The Health Insurance Portability and Accountability Act (HIPAA) Privacy Rule does not adequately protect the privacy of people's personal health information and hinders important health research discoveries, concludes a new report from the Institute of Medicine.

Congress should authorize the development of an entirely new approach to protecting personal health information in research, separate from the HIPAA Privacy Rule, said the committee that wrote the report. This new approach should apply privacy, data security and accountability standards uniformly to information used in all health-related research regardless of who funds or conducts the research.

If policymakers decide to continue relying on the current rule to protect privacy in health research, the committee recommends a series of changes to improve the rule and the guidance that the U.S. Department of Health and Human Services (HHS) gives on how to comply with it. Recommendations in the report include:

• Encryption should be required for all laptops, flash drives, and other portable media containing such data given the potential for these items to be lost or stolen.
• HHS and other federal agencies should develop a new approach to regulation that focuses on best practices in privacy, security, and transparency. The new framework should facilitate use of health data in which personally identifiable information is removed and should provide legal sanctions against unauthorized re-identification of individuals. It should provide ethical oversight of research in which use of personally identifiable information without individual consent is necessary. This oversight could be accomplished by local ethical review boards that assess proposed projects on a case-by-case basis, or institutions could be certified at the federal level to carry out this kind of research, having proved they have policies and practices in place to protect data privacy and ensure security.
• HHS should make it clear that people can grant permission in advance that samples or data collected from them for one research project can be used in future research.
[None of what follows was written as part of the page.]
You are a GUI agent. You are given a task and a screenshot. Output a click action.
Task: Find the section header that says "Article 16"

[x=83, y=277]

And the agency should simplify and clarify the criteria for making decisions about waiving requirements to obtain permission from every patient whose personal health information will be used in study.
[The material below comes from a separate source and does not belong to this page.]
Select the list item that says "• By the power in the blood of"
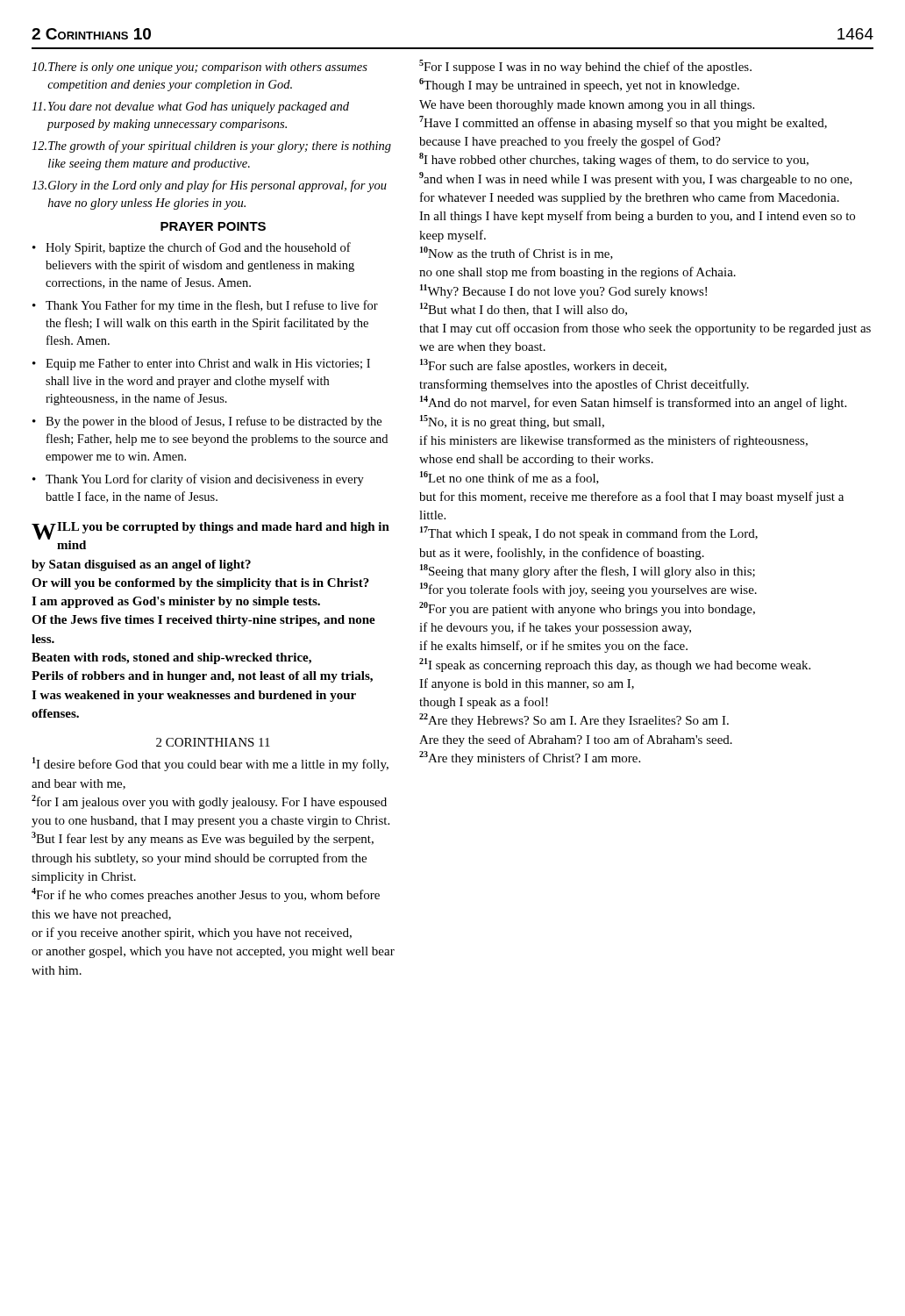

The study was sponsored by the U.S. Department of Health and Human Services, Robert Wood Johnson Foundation, American Cancer Society, American Heart Association/American Stroke Association, American Society for Clinical Oncology, Burroughs Wellcome Fund, and C-Change. Established in 1970 under the charter of the National Academy of Sciences, the Institute of Medicine provides independent, objective, evidence-based advice to policymakers, health professionals, the private sector, and the public. The National Academy of Sciences, National Academy of Engineering, Institute of Medicine, and National Research Council make up the National Academies.